Task item> The entries below must be reproduced exactly; their pictures are not part of the copy.

Recorded data:
►

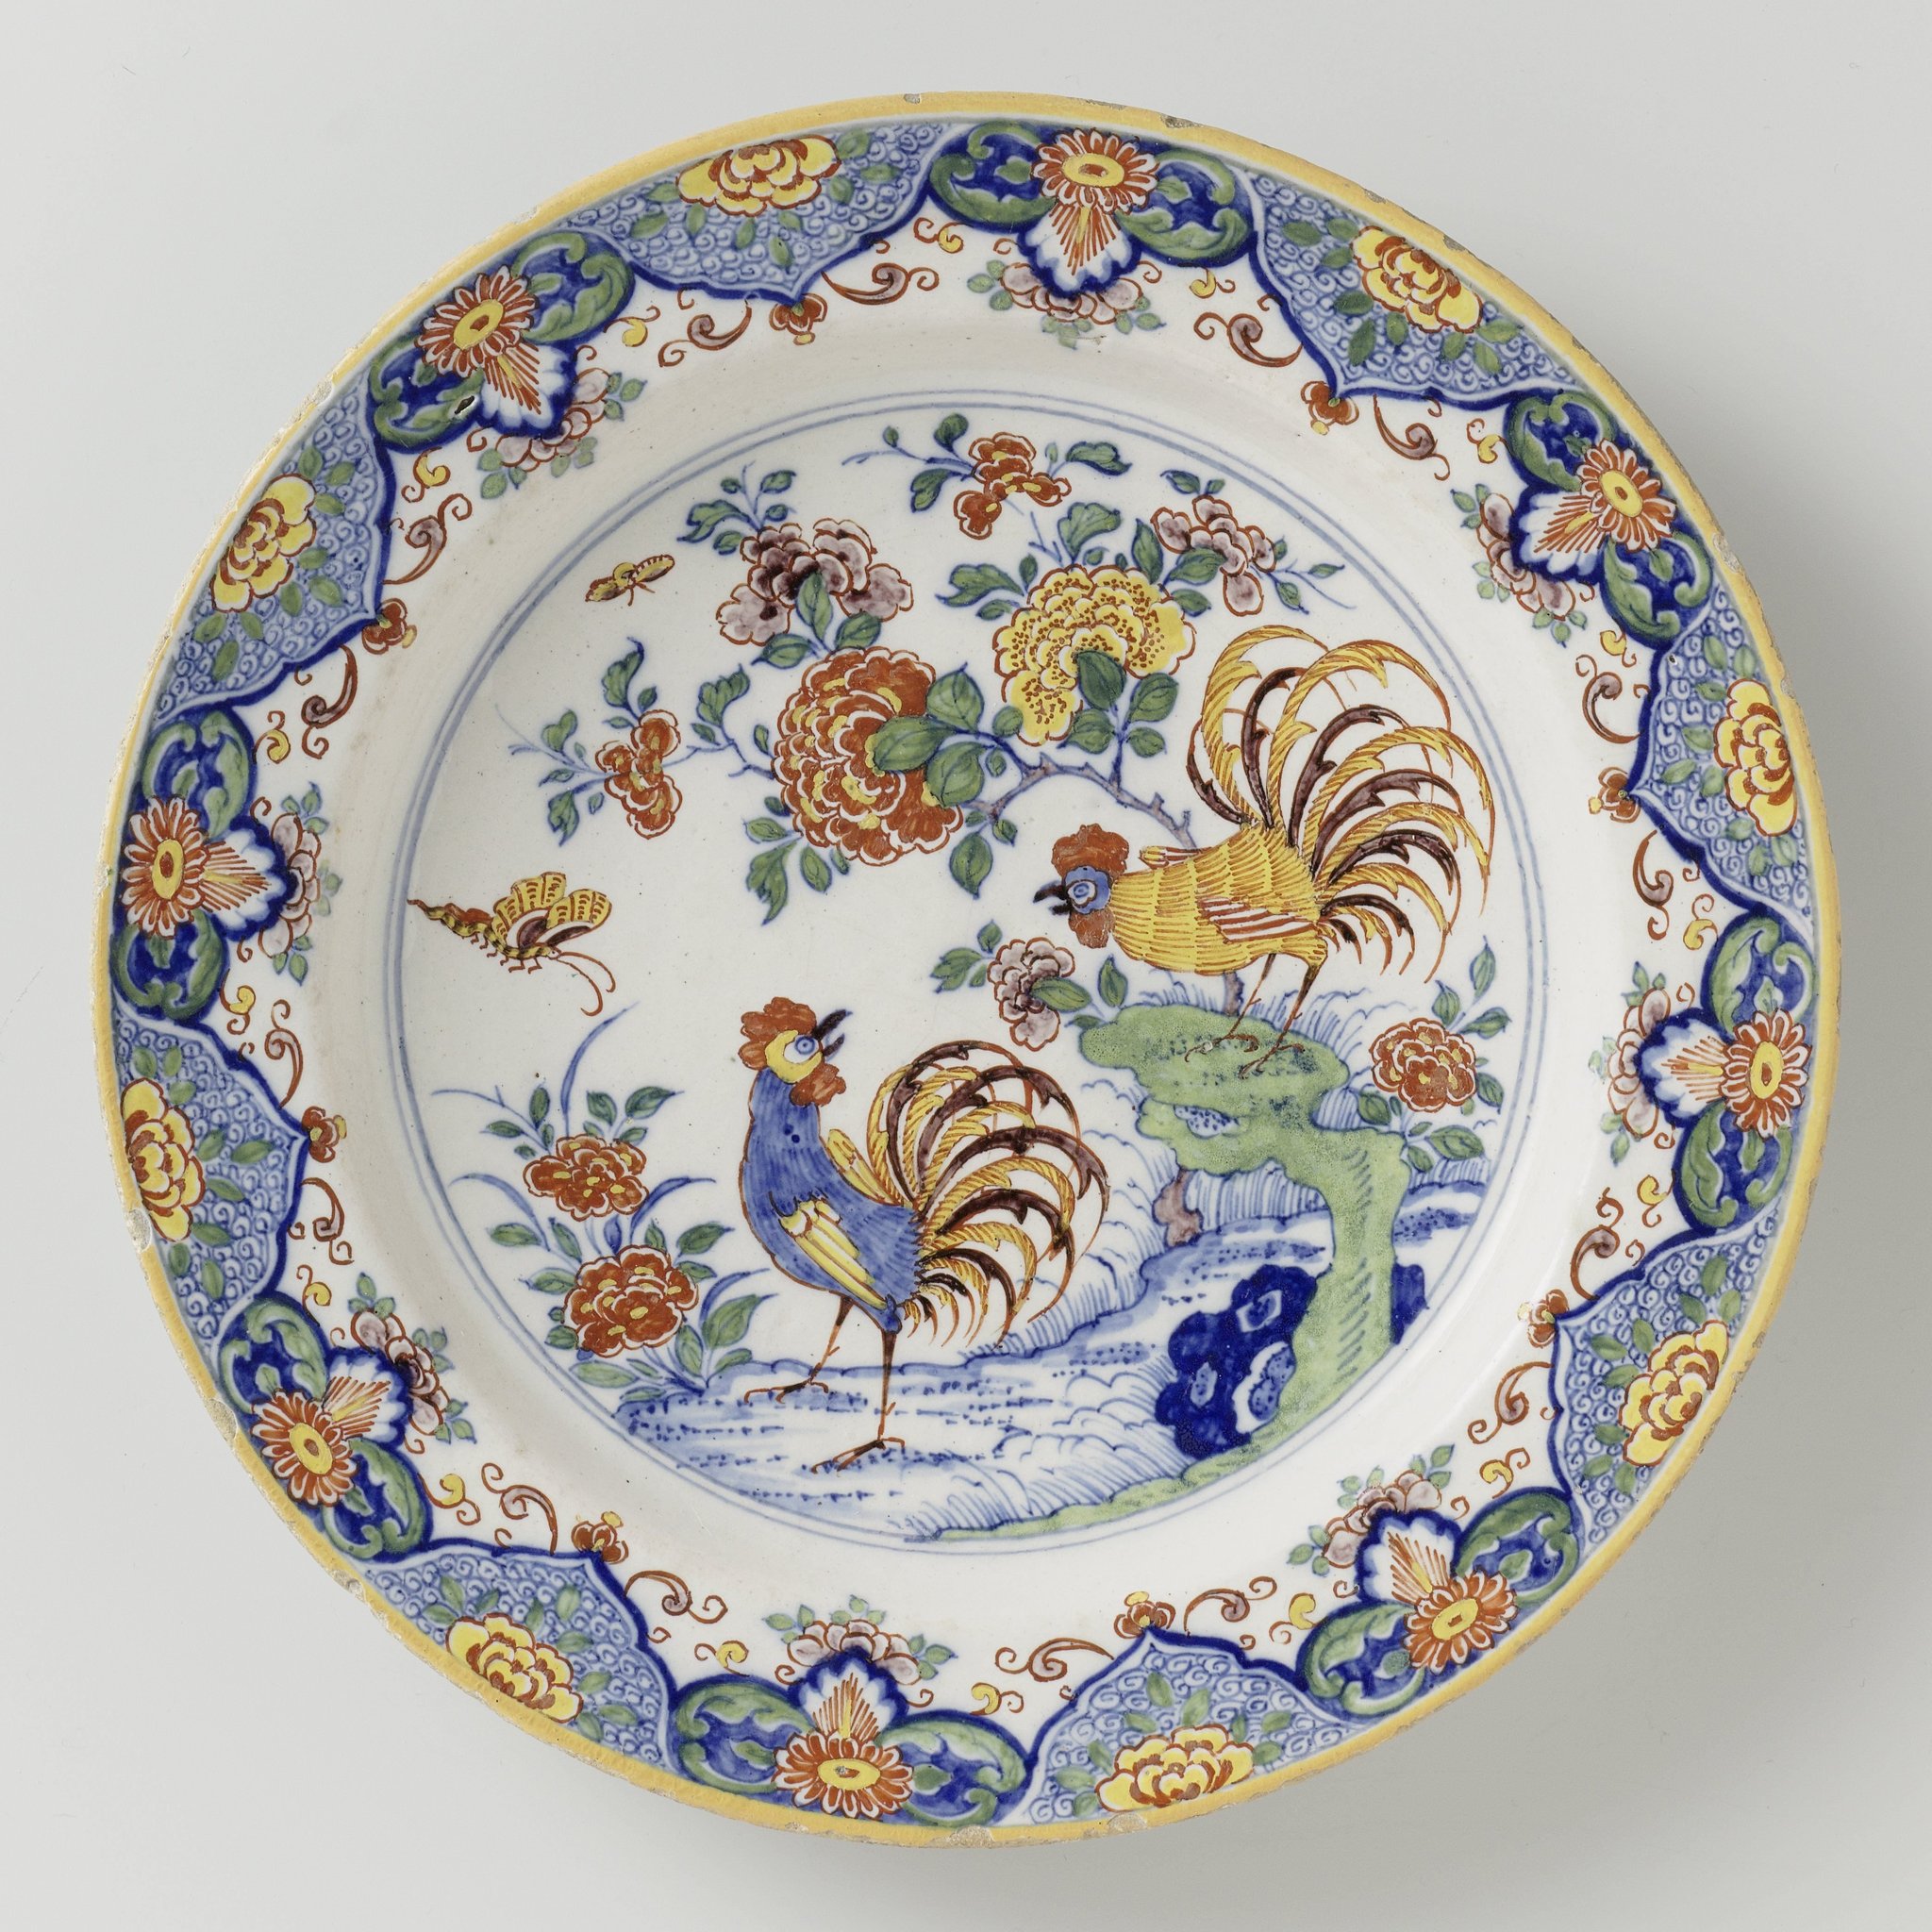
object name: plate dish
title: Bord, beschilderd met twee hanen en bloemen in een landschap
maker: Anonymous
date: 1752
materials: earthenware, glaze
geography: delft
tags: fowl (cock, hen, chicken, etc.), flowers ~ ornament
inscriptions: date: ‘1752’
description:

◄

Expected answer>
object name: plate dish
title: Bord, beschilderd met twee hanen en bloemen in een landschap
maker: Anonymous
date: 1752
materials: earthenware, glaze
geography: delft
tags: fowl (cock, hen, chicken, etc.), flowers ~ ornament
inscriptions: date: ‘1752’
description:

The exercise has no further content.